1
votes

I'd like to be able to test a function with a tuple from a set of fringe cases and normal values. For example, in testing a function that returns true when given three lengths that form a valid triangle, I'd have specific cases, negative numbers, small numbers, large numbers, values close-to being overflowed, etcetera. Then generating combinations of these values, with or without repetition, to get a set of test data.

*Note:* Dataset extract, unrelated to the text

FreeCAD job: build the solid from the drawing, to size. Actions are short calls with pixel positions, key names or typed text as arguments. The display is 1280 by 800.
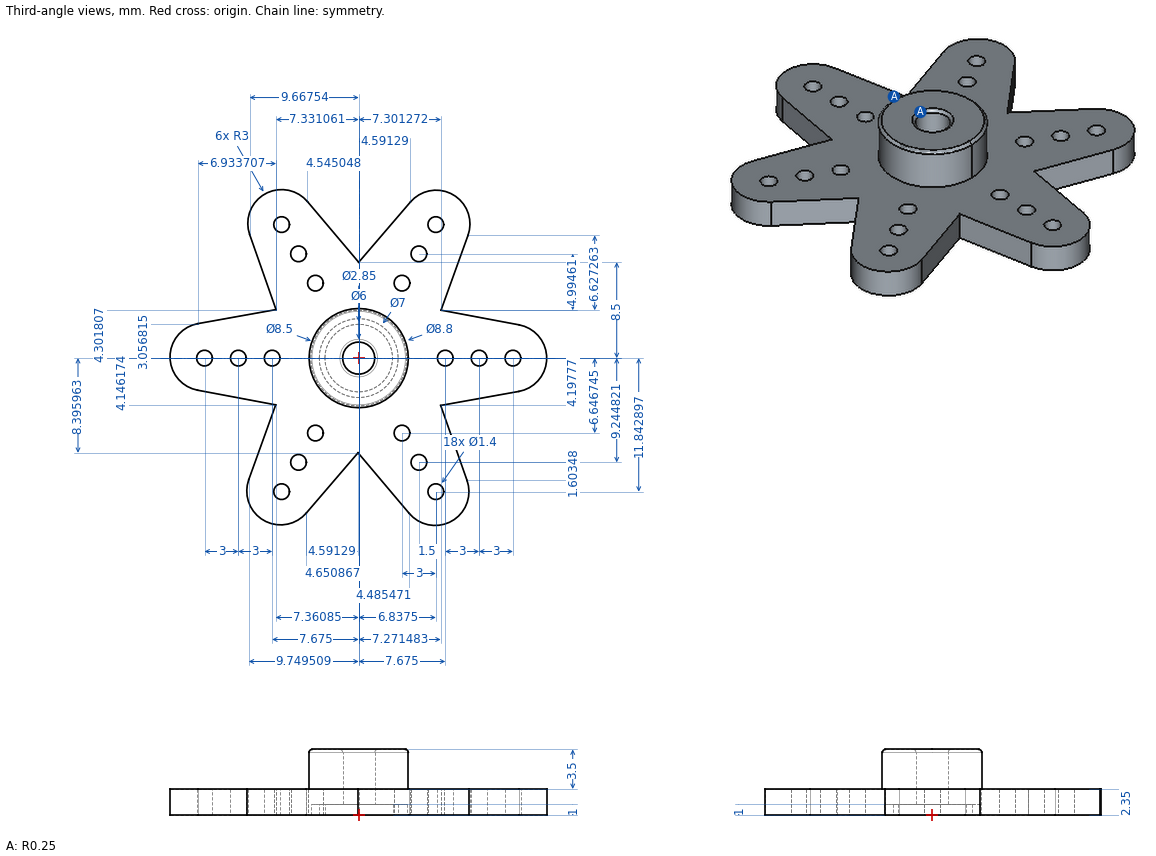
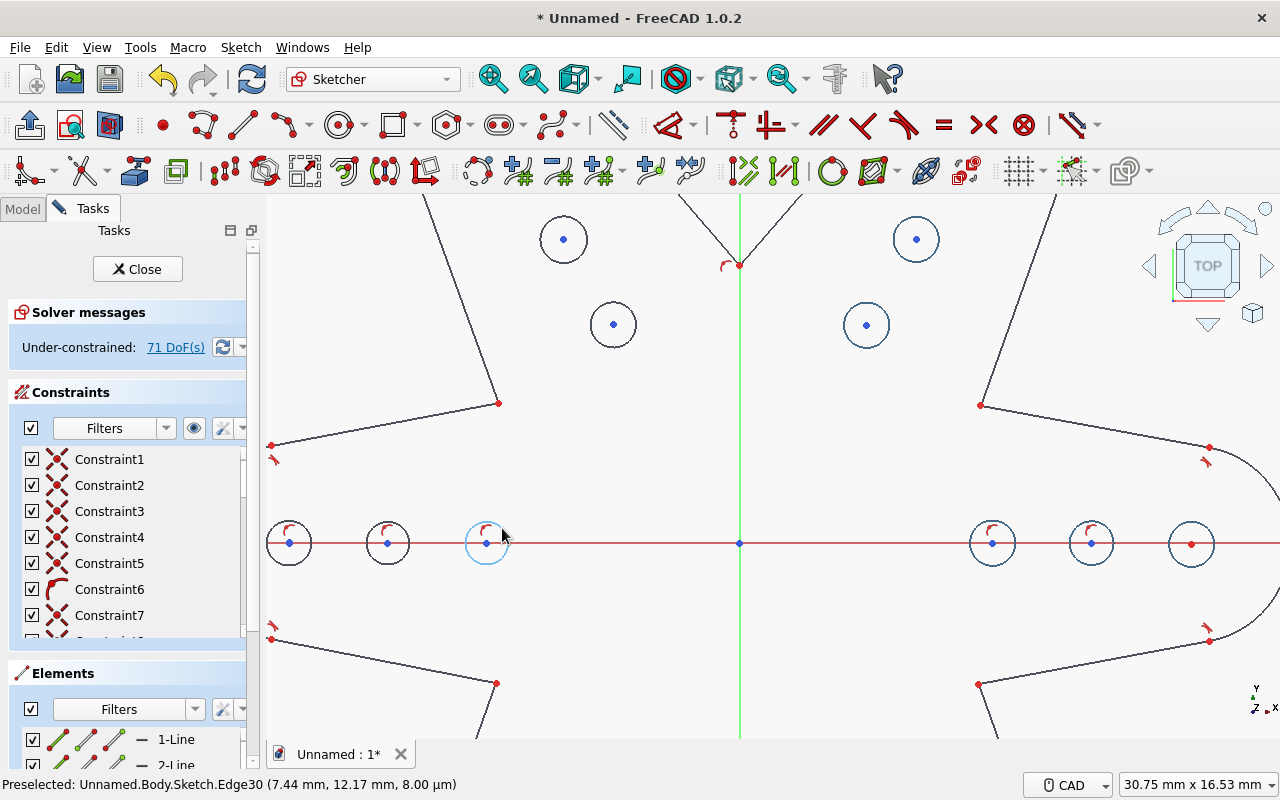
click(502, 528)

> (inf,0,-1), (5,10,1000), (10,5,5), (0,-1,5), (1000,inf,inf),
> 
> ...
1

1 Answers

1
votes

With the brand new Python 2.6, you have a standard solution with the itertools module that returns the Cartesian product of iterables :

import itertools

print list(itertools.product([1,2,3], [4,5,6]))
   [(1, 4), (1, 5), (1, 6),
   (2, 4), (2, 5), (2, 6),
   (3, 4), (3, 5), (3, 6)]

You can provide a "repeat" argument to perform the product with an iterable and itself:

print list(itertools.product([1,2], repeat=3))
[(1, 1, 1), (1, 1, 2), (1, 2, 1), (1, 2, 2),
(2, 1, 1), (2, 1, 2), (2, 2, 1), (2, 2, 2)]

You can also tweak something with combinations as well :

print list(itertools.combinations('123', 2))
[('1', '2'), ('1', '3'), ('2', '3')]

And if order matters, there are permutations :

print list(itertools.permutations([1,2,3,4], 2))
[(1, 2), (1, 3), (1, 4),
   (2, 1), (2, 3), (2, 4),
   (3, 1), (3, 2), (3, 4),
   (4, 1), (4, 2), (4, 3)]

Of course all that cool stuff don't exactly do the same thing, but you can use them in a way or another to solve you problem.

Just remember that you can convert a tuple or a list to a set and vice versa using list(), tuple() and set().